When the baseline lacks `sol_*` fields (older baselines, or
non-roofline-bound measurements), the diff skips the SoL line silently -
no synthesised retrofit.

## Next lever / BREAKTHROUGH (Grind Mandate)

If this skill emits a measured result, its output MUST end by naming the **next perf lever**,
its **expected unlock** (direction + rough magnitude), and the **gate** that proves/refutes it,
per `docs/METHODOLOGY.md` "Always be grinding". A
measured win is the new floor, not the finish -- so **do everything we can to find the next
BREAKTHROUGH**: the highest-EV unlock toward Speed-of-Light (a new champion / kernel / router /
quant / parallelism / spec-decode win, or an unblocked stack), not just the next micro-lever.
Rank the candidate breakthrough levers by value x cost (the GRIND FRONTIER, `perftunereport
value_view`), pursue the top, bank the rest with evidence. Record WHY a refuted lever loses,
update the standing frontier in the active bundle's `HANDOFF.md`. Never conclude
"exhausted/optimal/done" without an explicit next-lever frontier (an empty frontier AND a
documented SoL wall only). Delete this section ONLY if the skill produces no measurements.

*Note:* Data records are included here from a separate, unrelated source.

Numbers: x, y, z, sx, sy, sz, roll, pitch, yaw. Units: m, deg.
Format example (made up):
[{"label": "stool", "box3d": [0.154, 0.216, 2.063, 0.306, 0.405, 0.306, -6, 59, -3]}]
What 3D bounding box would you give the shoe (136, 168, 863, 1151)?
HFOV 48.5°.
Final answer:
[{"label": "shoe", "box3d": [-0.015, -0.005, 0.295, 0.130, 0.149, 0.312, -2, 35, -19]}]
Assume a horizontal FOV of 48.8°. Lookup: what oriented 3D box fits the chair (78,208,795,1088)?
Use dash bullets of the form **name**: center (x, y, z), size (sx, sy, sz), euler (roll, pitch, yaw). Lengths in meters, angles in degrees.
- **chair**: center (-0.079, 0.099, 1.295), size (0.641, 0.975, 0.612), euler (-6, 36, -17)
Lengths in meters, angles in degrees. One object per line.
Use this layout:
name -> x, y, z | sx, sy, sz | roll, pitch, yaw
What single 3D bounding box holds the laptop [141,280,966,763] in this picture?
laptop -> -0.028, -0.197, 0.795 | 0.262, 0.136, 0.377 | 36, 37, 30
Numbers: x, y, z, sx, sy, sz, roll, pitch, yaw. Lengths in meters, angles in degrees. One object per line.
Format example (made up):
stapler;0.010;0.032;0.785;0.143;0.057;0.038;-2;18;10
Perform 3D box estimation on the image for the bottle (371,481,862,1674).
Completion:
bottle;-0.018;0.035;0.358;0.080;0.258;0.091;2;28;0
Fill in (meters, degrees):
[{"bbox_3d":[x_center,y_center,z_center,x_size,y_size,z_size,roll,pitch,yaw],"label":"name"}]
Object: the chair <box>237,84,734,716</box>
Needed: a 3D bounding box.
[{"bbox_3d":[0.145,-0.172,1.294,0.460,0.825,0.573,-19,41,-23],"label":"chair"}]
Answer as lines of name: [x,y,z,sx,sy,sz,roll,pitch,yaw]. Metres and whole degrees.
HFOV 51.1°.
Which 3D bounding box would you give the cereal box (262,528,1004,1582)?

## Verdict rigor (DRAFT vs VERDICT)

Per `docs/METHODOLOGY.md` "Verdict rigor: DRAFT vs VERDICT", tier the diff verdict.
A GREEN/YELLOW/RED call is a **DRAFT** unless it is variance-controlled (same-node,
>=3 trials per arm, mean +/- std - a single-trial or cross-node delta is provisional),
metric-isolated (median TPOT/ITL for decode-latency claims, not output tok/s at small
num_prompts), and against a production-representative baseline. A "which kernel/path
regressed" claim additionally needs nsys/ncu per-kernel data, not a DCGM regime %.
Supersede a DRAFT everywhere once a controlled VERDICT overturns it.

## Source-of-truth references

- [`perf-baseline-record`](/plugins/profile-and-optimize/skills/perf-baseline-record/SKILL.md) - the pair skill.
- [`docs/METHODOLOGY.md`](/docs/METHODOLOGY.md) - measurement canon (full-context reporting, verdict rigor, speed-of-light framing).
- [`server/AGENTS.md`](/plugins/profile-and-optimize/server/AGENTS.md) - fail-fast and provenance rules.